● WHAT IS REQUIRED
Where the line containing "Answer: Consult with" appears, end the copy there, keeping that line; start from the first line of the entries, copy exactly, and omit pictures.

● MATERIAL SUPPLIED
----
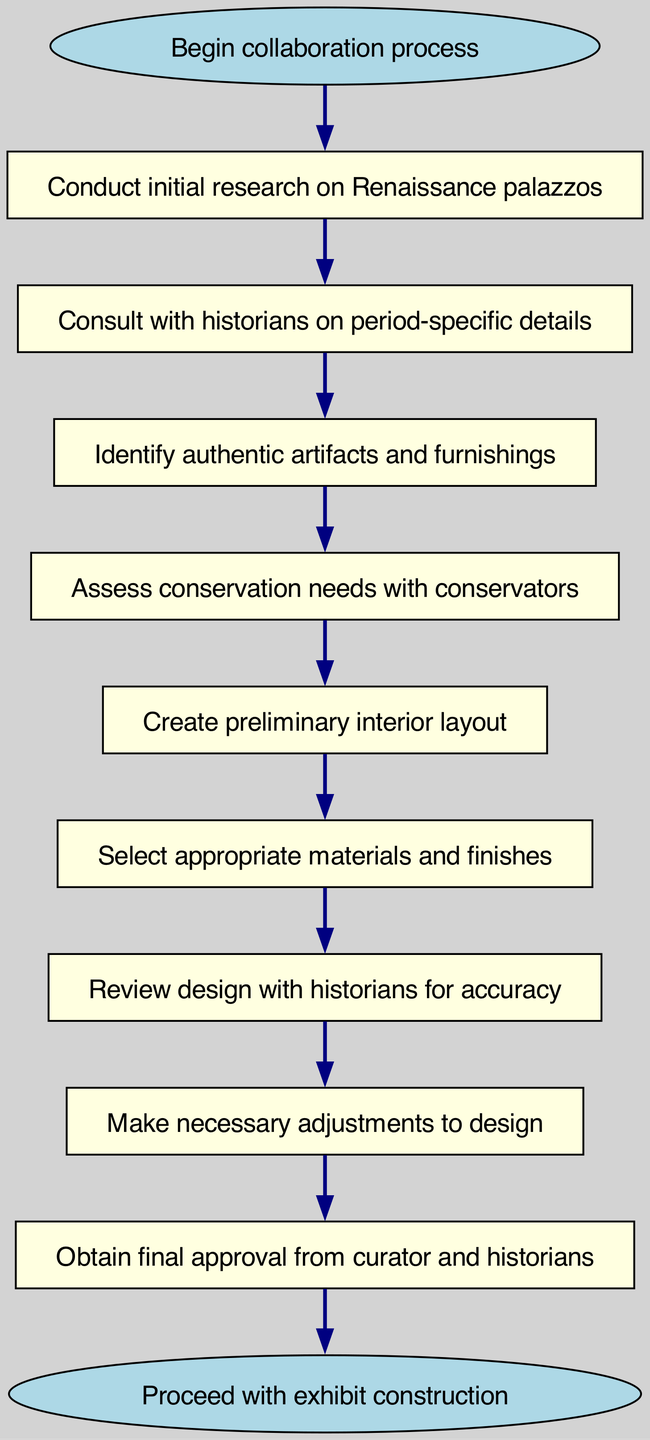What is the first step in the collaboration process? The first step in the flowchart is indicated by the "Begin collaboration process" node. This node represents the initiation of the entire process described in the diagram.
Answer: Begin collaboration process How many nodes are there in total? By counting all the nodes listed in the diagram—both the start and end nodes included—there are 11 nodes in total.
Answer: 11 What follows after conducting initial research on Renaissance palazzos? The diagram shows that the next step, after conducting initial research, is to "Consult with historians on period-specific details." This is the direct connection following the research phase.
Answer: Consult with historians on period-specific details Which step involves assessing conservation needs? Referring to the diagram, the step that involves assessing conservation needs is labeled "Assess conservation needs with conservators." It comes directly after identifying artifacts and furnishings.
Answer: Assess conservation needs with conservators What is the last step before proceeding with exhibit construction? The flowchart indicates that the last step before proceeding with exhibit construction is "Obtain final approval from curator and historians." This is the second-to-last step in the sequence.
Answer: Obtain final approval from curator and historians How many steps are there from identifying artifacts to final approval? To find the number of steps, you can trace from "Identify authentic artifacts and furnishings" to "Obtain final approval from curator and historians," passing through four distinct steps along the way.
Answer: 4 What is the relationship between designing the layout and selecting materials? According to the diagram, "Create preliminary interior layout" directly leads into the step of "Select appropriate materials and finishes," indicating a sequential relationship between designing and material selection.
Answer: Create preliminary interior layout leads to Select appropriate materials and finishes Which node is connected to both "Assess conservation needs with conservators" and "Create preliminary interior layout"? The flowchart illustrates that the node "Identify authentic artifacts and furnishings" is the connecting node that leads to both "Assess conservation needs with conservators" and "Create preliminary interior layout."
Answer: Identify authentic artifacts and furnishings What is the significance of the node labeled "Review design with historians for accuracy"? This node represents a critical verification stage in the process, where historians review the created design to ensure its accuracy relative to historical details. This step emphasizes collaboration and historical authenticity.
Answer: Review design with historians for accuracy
----
● FINAL ANSWER
What is the first step in the collaboration process? The first step in the flowchart is indicated by the "Begin collaboration process" node. This node represents the initiation of the entire process described in the diagram.
Answer: Begin collaboration process How many nodes are there in total? By counting all the nodes listed in the diagram—both the start and end nodes included—there are 11 nodes in total.
Answer: 11 What follows after conducting initial research on Renaissance palazzos? The diagram shows that the next step, after conducting initial research, is to "Consult with historians on period-specific details." This is the direct connection following the research phase.
Answer: Consult with historians on period-specific details Which step involves assessing conservation needs? Referring to the diagram, the step that involves assessing conservation needs is labeled "Assess conservation needs with conservators." It comes directly after identifying artifacts and furnishings.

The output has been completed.